Prevalence and risk factors of dry eye disease in a British female cohort

Press Release
  1. Christopher J Hammond1,3
  1. 1Department of Twin Research & Genetic Epidemiology, King's College London, St Thomas’ Hospital, London, UK
  2. 2Department of Ophthalmology & Epidemiology, University Medical Center Groningen, Groningen, The Netherlands
  3. 3Department of Ophthalmology, King's College London, St Thomas’ Hospital, London, UK
  1. Correspondence to Dr Jelle Vehof, Department of Twin Research & Genetic Epidemiology, King's College London, St Thomas’ Hospital, Westminster Bridge Road, London SE1 7EH, UK; j.vehof{at}umcg.nl
  • Received 6 March 2014
  • Revised 4 June 2014
  • Accepted 22 June 2014
  • Published Online First 3 September 2014

Abstract

Background/aims To estimate the prevalence and risk factors of dry eye disease (DED) in a female cohort in the UK.

Methods Population-based cross-sectional association study of 3824 women from the TwinsUK cohort aged 20–87 years.

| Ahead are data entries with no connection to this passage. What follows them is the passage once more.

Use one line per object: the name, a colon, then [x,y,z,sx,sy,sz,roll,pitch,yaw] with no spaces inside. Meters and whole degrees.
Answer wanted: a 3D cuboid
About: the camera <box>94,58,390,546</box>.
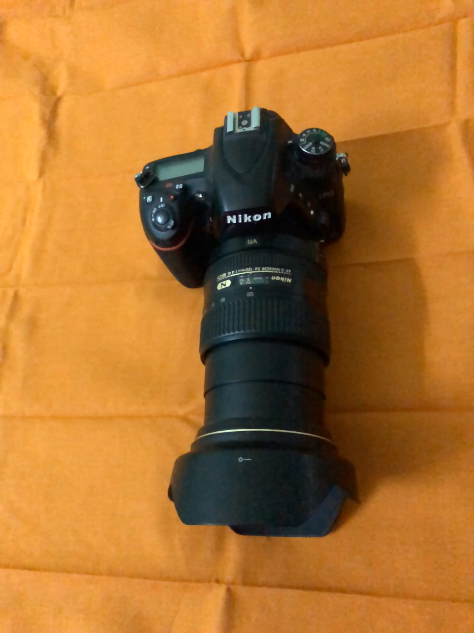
camera: [0.013,-0.002,0.329,0.131,0.120,0.264,-6,67,14]
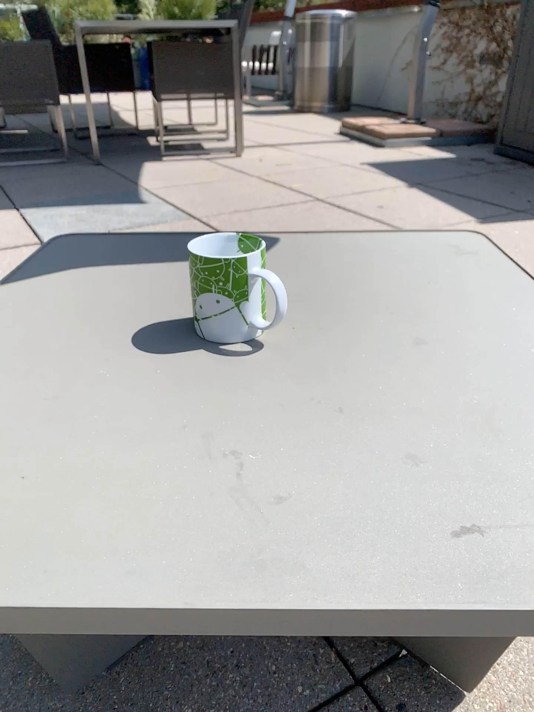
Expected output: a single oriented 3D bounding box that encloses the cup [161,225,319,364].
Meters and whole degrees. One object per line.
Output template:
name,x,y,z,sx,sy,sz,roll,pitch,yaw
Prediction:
cup,-0.024,-0.065,0.543,0.120,0.090,0.090,16,33,29

A questionnaire was used to evaluate DED and several risk factors. Binary logistic regression, corrected for age, was used to examine the association between DED and risk factors.

Results 9.6% of women had a DED diagnosis and concomitant use of artificial tears, and 20.8% experienced DED symptoms in the past 3 months. Risk factors that were significantly associated with DED were age, asthma, eczema, the presence of any allergy, cataract surgery, rheumatoid arthritis, osteoarthritis, migraine and stroke. The highest effect sizes were found with depression, pelvic pain, irritable bowel syndrome and chronic widespread pain syndrome (all p<0.0005). Subjects with DED symptoms scored significantly lower on self-perceived health, compared with controls (p=0.001).

Conclusions DED is common and increases with age within this cohort of female twins. We confirmed established risk factors for the first time in a British population, and found important risk factors that might relate to an underlying aetiology involving chronic pain predisposition or somatisation.